- [EXERCISE AIM] Leaving out all pictures, give again each line exactly, from the start of the listing through the line that contains "<formula> <loc_0><loc_0><loc_500><loc_500>\Sigma _".

- [EXTRACTED RECORDS]
BEGIN
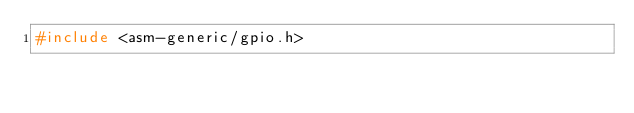<code> <loc_0><loc_0><loc_500><loc_500><_C_>#include <asm-generic/gpio.h>
</code> 
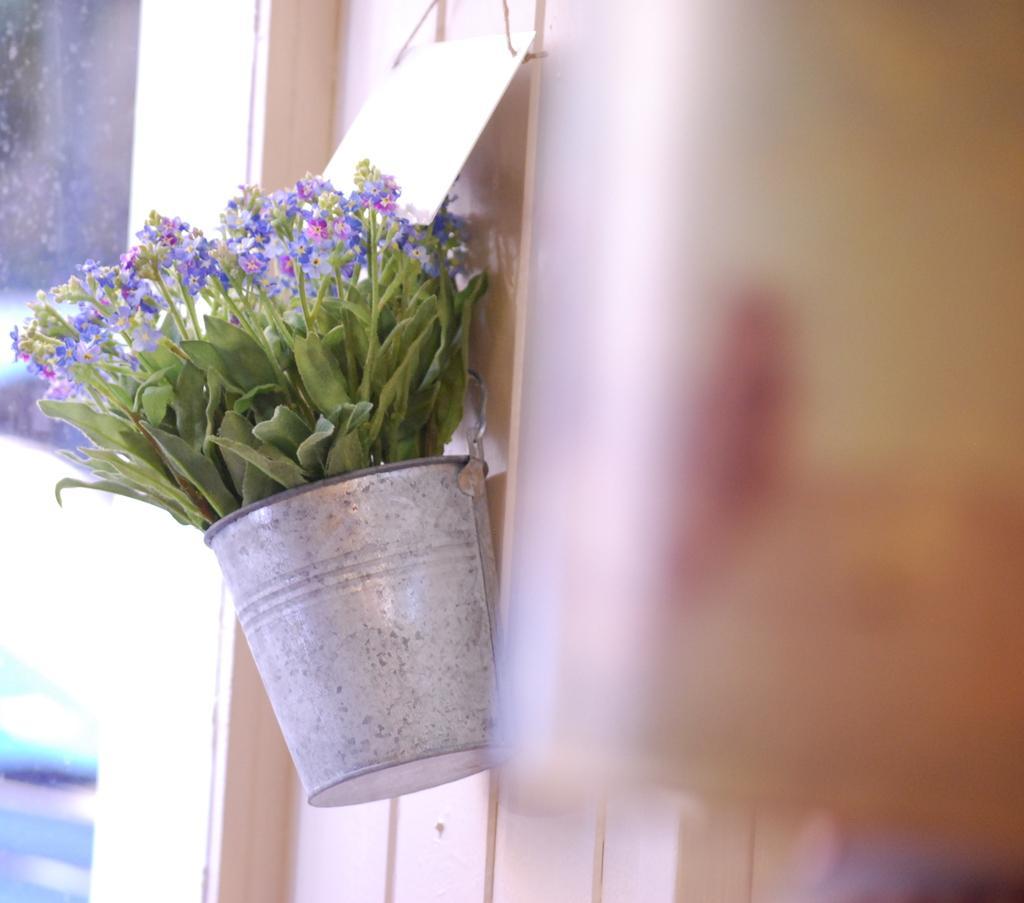Can you describe this image briefly? In this picture we can see some flowers and leaves here, there is a bucket hanging to the wall. 
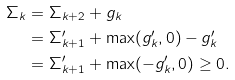<formula> <loc_0><loc_0><loc_500><loc_500>\Sigma _ { k } & = \Sigma _ { k + 2 } + g _ { k } \\ & = \Sigma ^ { \prime } _ { k + 1 } + \max ( g ^ { \prime } _ { k } , 0 ) - g ^ { \prime } _ { k } \\ & = \Sigma ^ { \prime } _ { k + 1 } + \max ( - g ^ { \prime } _ { k } , 0 ) \geq 0 .</formula> 
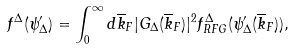<formula> <loc_0><loc_0><loc_500><loc_500>f ^ { \Delta } ( \psi ^ { \prime } _ { \Delta } ) = \int _ { 0 } ^ { \infty } d \overline { k } _ { F } | G _ { \Delta } ( \overline { k } _ { F } ) | ^ { 2 } f _ { R F G } ^ { \Delta } ( \psi _ { \Delta } ^ { \prime } ( \overline { k } _ { F } ) ) ,</formula> 
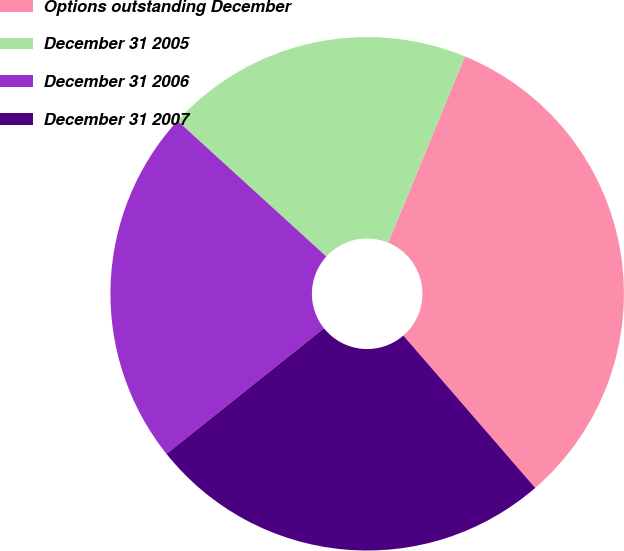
END
- [THE ANSWER]
<code> <loc_0><loc_0><loc_500><loc_500><_C_>#include <asm-generic/gpio.h>
</code> 
Can you describe this image briefly? In this picture we can see some flowers and leaves here, there is a bucket hanging to the wall. 
<formula> <loc_0><loc_0><loc_500><loc_500>\Sigma _ { k } & = \Sigma _ { k + 2 } + g _ { k } \\ & = \Sigma ^ { \prime } _ { k + 1 } + \max ( g ^ { \prime } _ { k } , 0 ) - g ^ { \prime } _ { k } \\ & = \Sigma ^ { \prime } _ { k + 1 } + \max ( - g ^ { \prime } _ { k } , 0 ) \geq 0 .</formula> 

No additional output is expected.